_TO DO_:
Return each record verbatim, images excluded.

SUPPLIED MATERIAL START

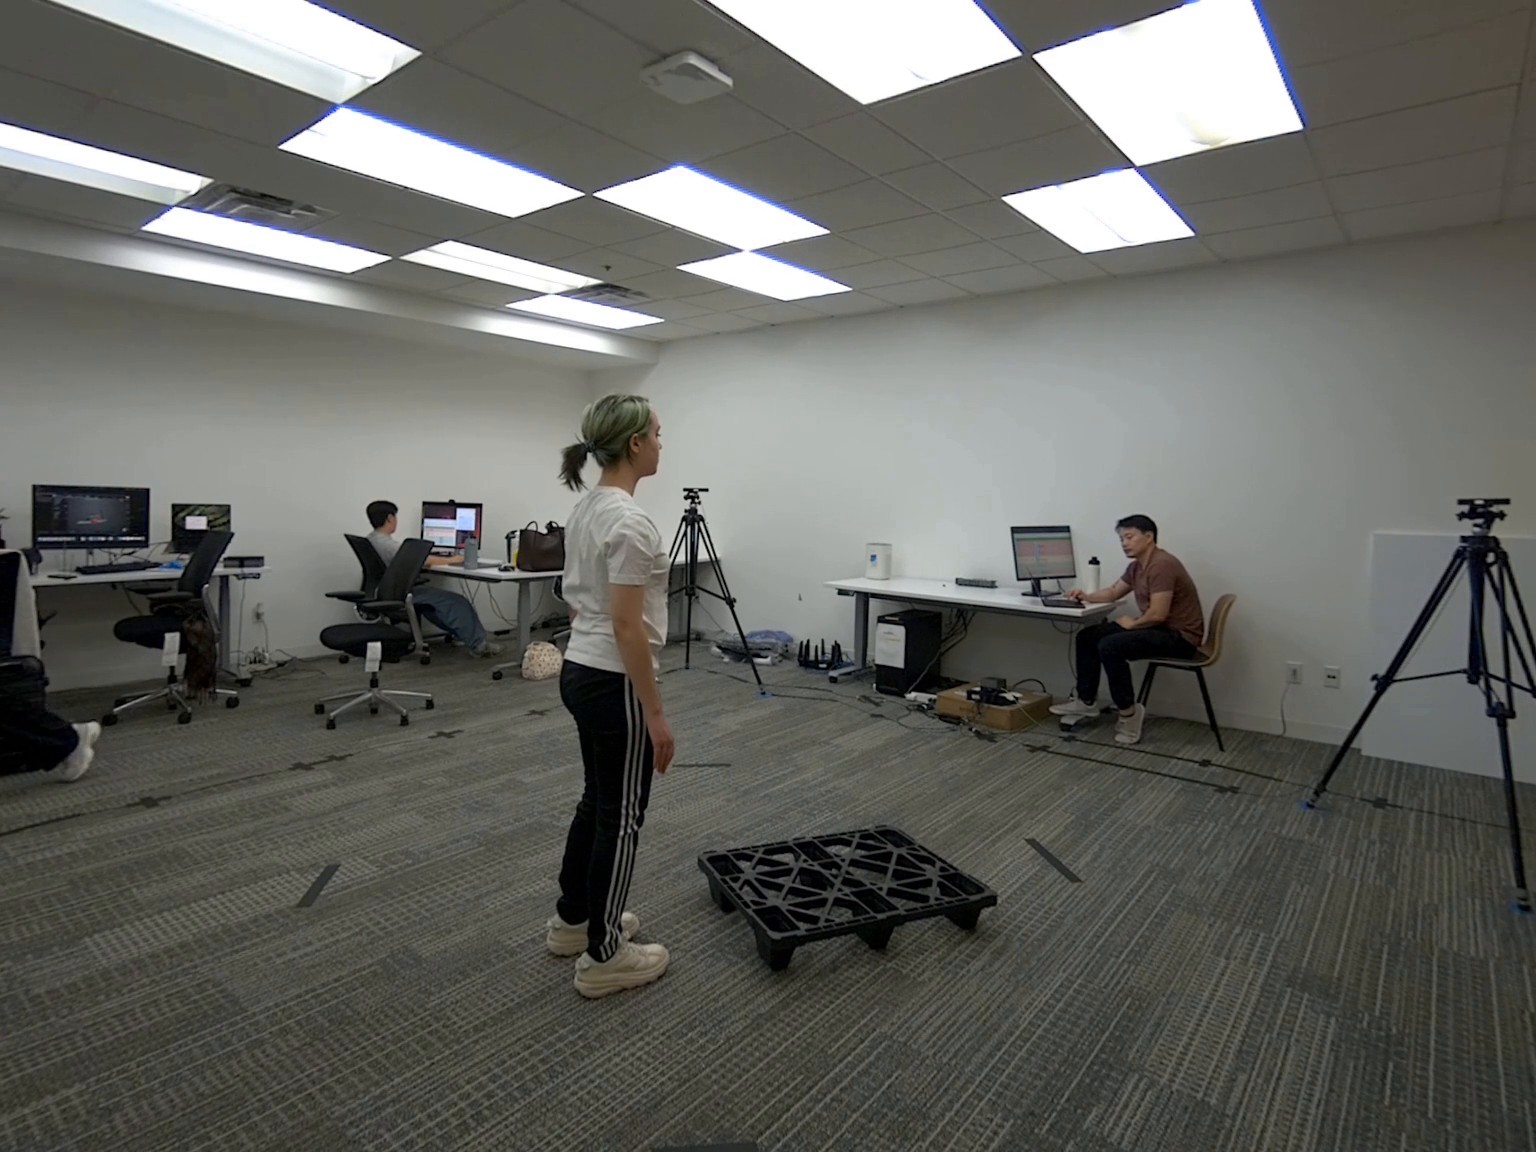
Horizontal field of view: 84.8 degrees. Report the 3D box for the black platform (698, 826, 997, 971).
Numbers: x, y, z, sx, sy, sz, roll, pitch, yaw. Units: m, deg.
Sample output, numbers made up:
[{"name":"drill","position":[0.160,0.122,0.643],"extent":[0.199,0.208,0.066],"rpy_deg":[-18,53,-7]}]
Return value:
[{"name":"black platform","position":[0.235,1.041,2.803],"extent":[0.787,0.143,0.622],"rpy_deg":[-1,7,-24]}]
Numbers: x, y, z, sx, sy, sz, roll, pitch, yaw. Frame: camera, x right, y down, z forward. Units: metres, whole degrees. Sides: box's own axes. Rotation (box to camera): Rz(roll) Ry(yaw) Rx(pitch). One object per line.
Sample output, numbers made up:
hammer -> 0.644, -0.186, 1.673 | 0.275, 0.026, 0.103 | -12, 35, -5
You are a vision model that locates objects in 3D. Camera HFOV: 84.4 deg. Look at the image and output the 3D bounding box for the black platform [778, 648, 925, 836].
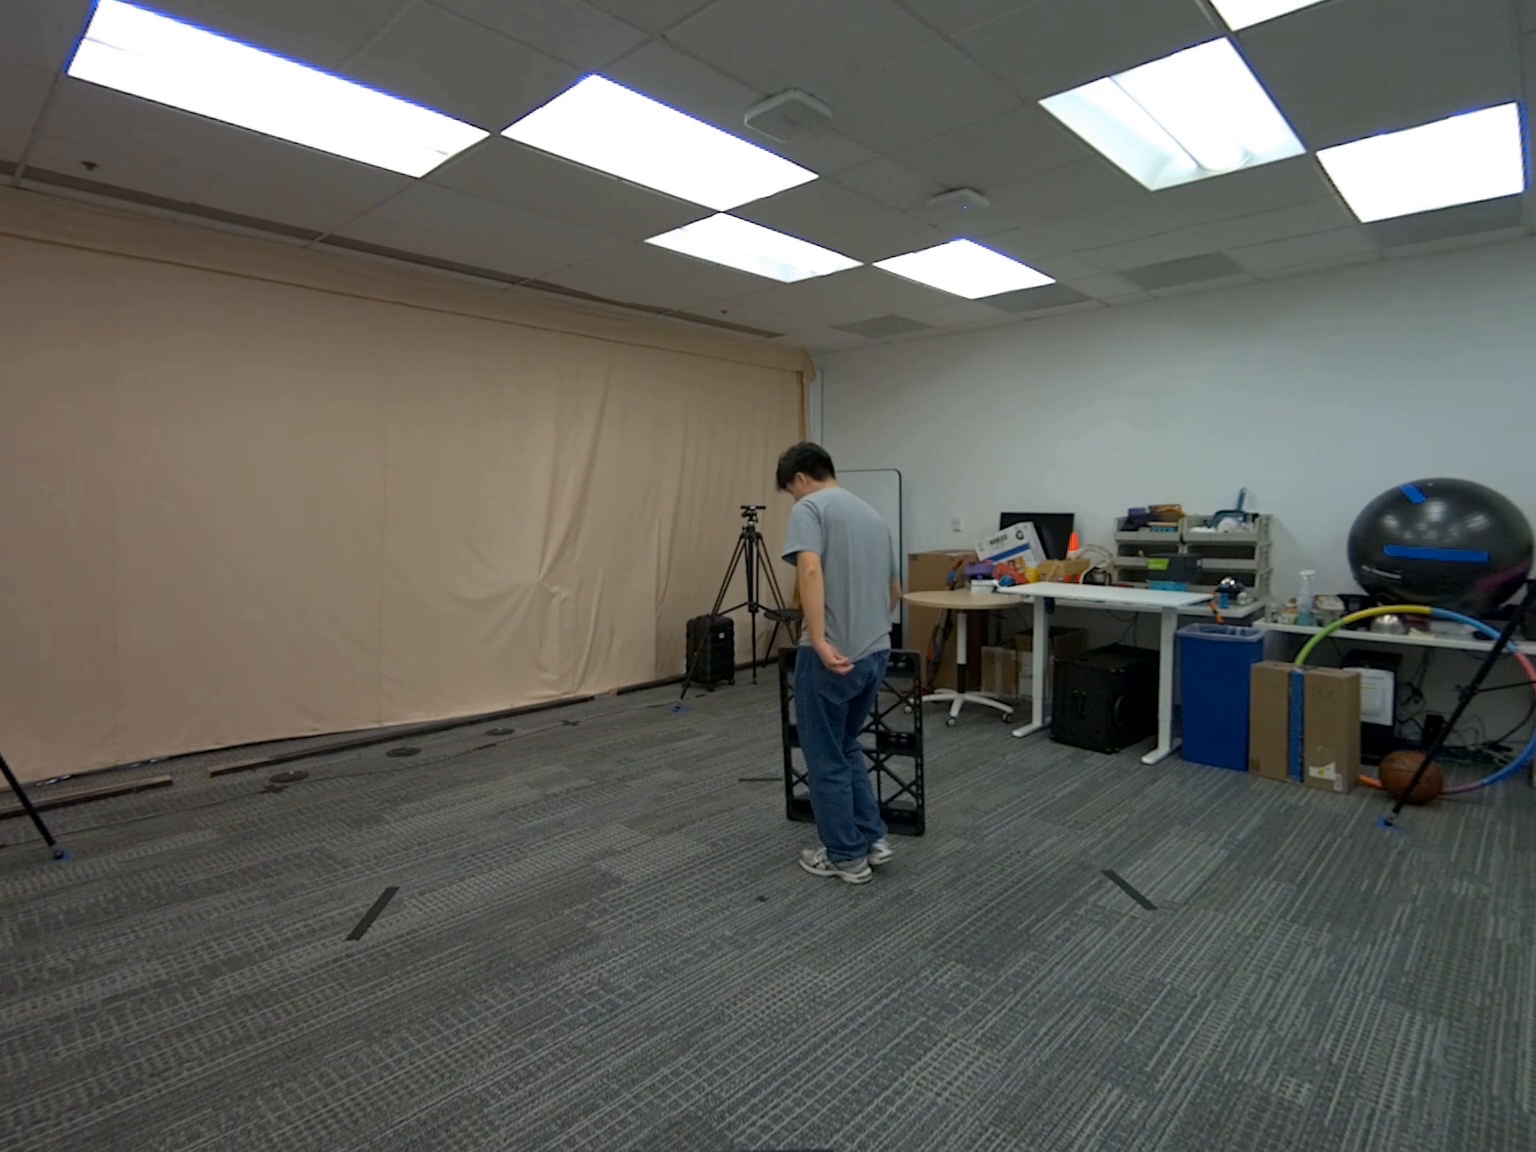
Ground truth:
black platform -> 0.374, 0.684, 3.613 | 0.616, 0.800, 0.141 | 0, 10, 17
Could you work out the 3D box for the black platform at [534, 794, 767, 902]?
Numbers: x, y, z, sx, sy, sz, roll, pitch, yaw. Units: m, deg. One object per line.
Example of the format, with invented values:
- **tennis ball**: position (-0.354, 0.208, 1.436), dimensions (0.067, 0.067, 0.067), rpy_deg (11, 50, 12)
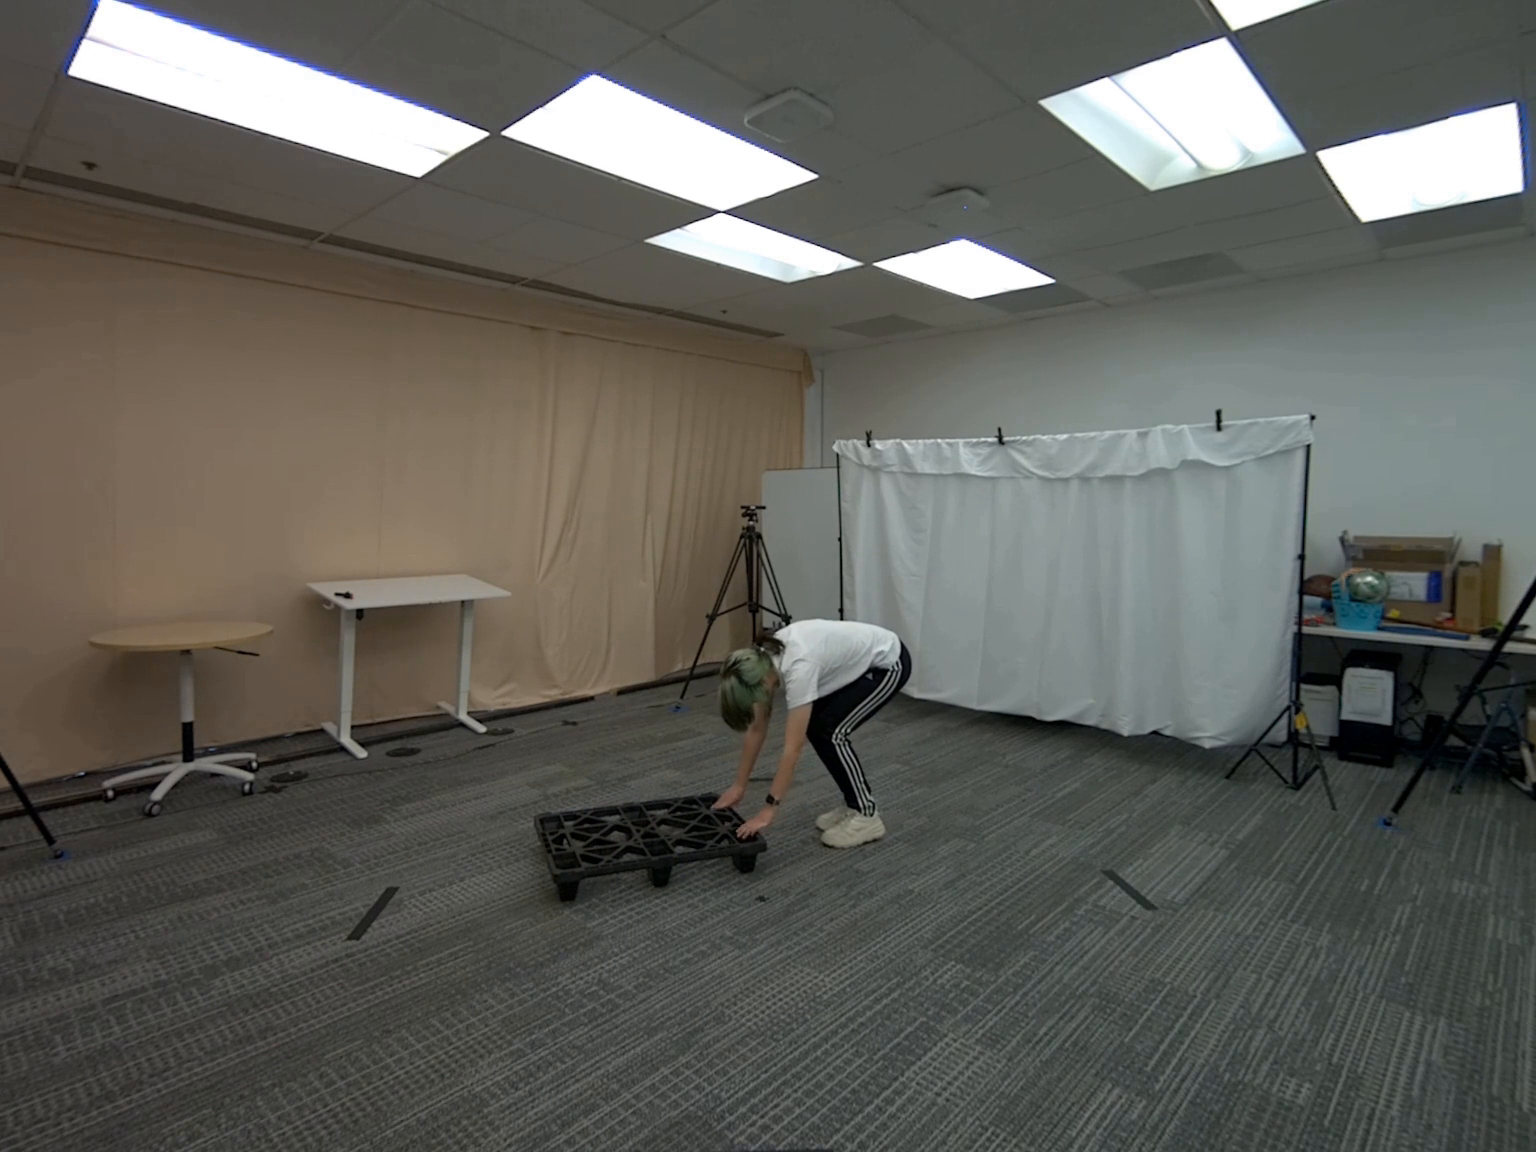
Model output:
- **black platform**: position (-0.482, 1.054, 3.302), dimensions (0.790, 0.143, 0.618), rpy_deg (-2, 4, -20)
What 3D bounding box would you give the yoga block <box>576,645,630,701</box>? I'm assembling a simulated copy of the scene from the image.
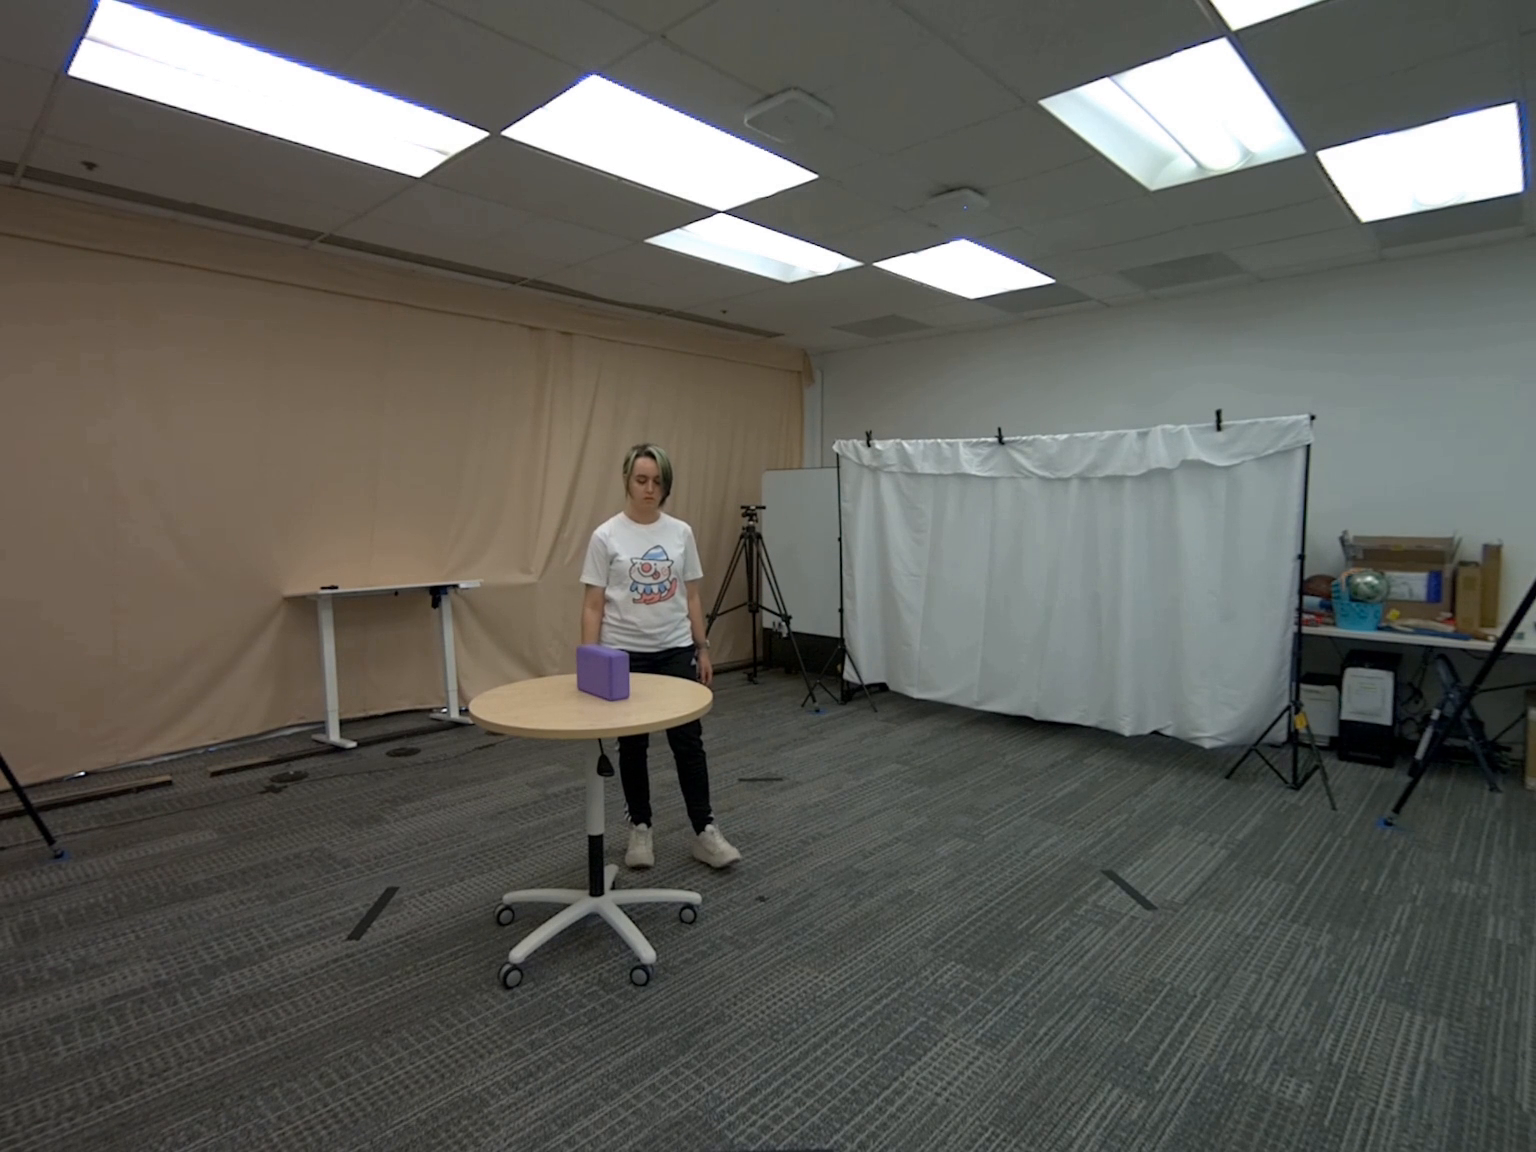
[{"bbox_3d":[-0.543,0.307,2.730,0.074,0.148,0.237,-4,6,-39],"label":"yoga block"}]

SUPPLIED MATERIAL END

_OUTPUT FOR THIS TASK_:
Horizontal field of view: 84.8 degrees. Report the 3D box for the black platform (698, 826, 997, 971).
Numbers: x, y, z, sx, sy, sz, roll, pitch, yaw. Units: m, deg.
Sample output, numbers made up:
[{"name":"drill","position":[0.160,0.122,0.643],"extent":[0.199,0.208,0.066],"rpy_deg":[-18,53,-7]}]
Return value:
[{"name":"black platform","position":[0.235,1.041,2.803],"extent":[0.787,0.143,0.622],"rpy_deg":[-1,7,-24]}]
Numbers: x, y, z, sx, sy, sz, roll, pitch, yaw. Frame: camera, x right, y down, z forward. Units: metres, whole degrees. Sides: box's own axes. Rotation (box to camera): Rz(roll) Ry(yaw) Rx(pitch). One object per line.
Sample output, numbers made up:
hammer -> 0.644, -0.186, 1.673 | 0.275, 0.026, 0.103 | -12, 35, -5
You are a vision model that locates objects in 3D. Camera HFOV: 84.4 deg. Look at the image and output the 3D bounding box for the black platform [778, 648, 925, 836].
Ground truth:
black platform -> 0.374, 0.684, 3.613 | 0.616, 0.800, 0.141 | 0, 10, 17
Could you work out the 3D box for the black platform at [534, 794, 767, 902]?
Numbers: x, y, z, sx, sy, sz, roll, pitch, yaw. Units: m, deg. One object per line.
Example of the format, with invented values:
- **tennis ball**: position (-0.354, 0.208, 1.436), dimensions (0.067, 0.067, 0.067), rpy_deg (11, 50, 12)
Model output:
- **black platform**: position (-0.482, 1.054, 3.302), dimensions (0.790, 0.143, 0.618), rpy_deg (-2, 4, -20)
What 3D bounding box would you give the yoga block <box>576,645,630,701</box>? I'm assembling a simulated copy of the scene from the image.
[{"bbox_3d":[-0.543,0.307,2.730,0.074,0.148,0.237,-4,6,-39],"label":"yoga block"}]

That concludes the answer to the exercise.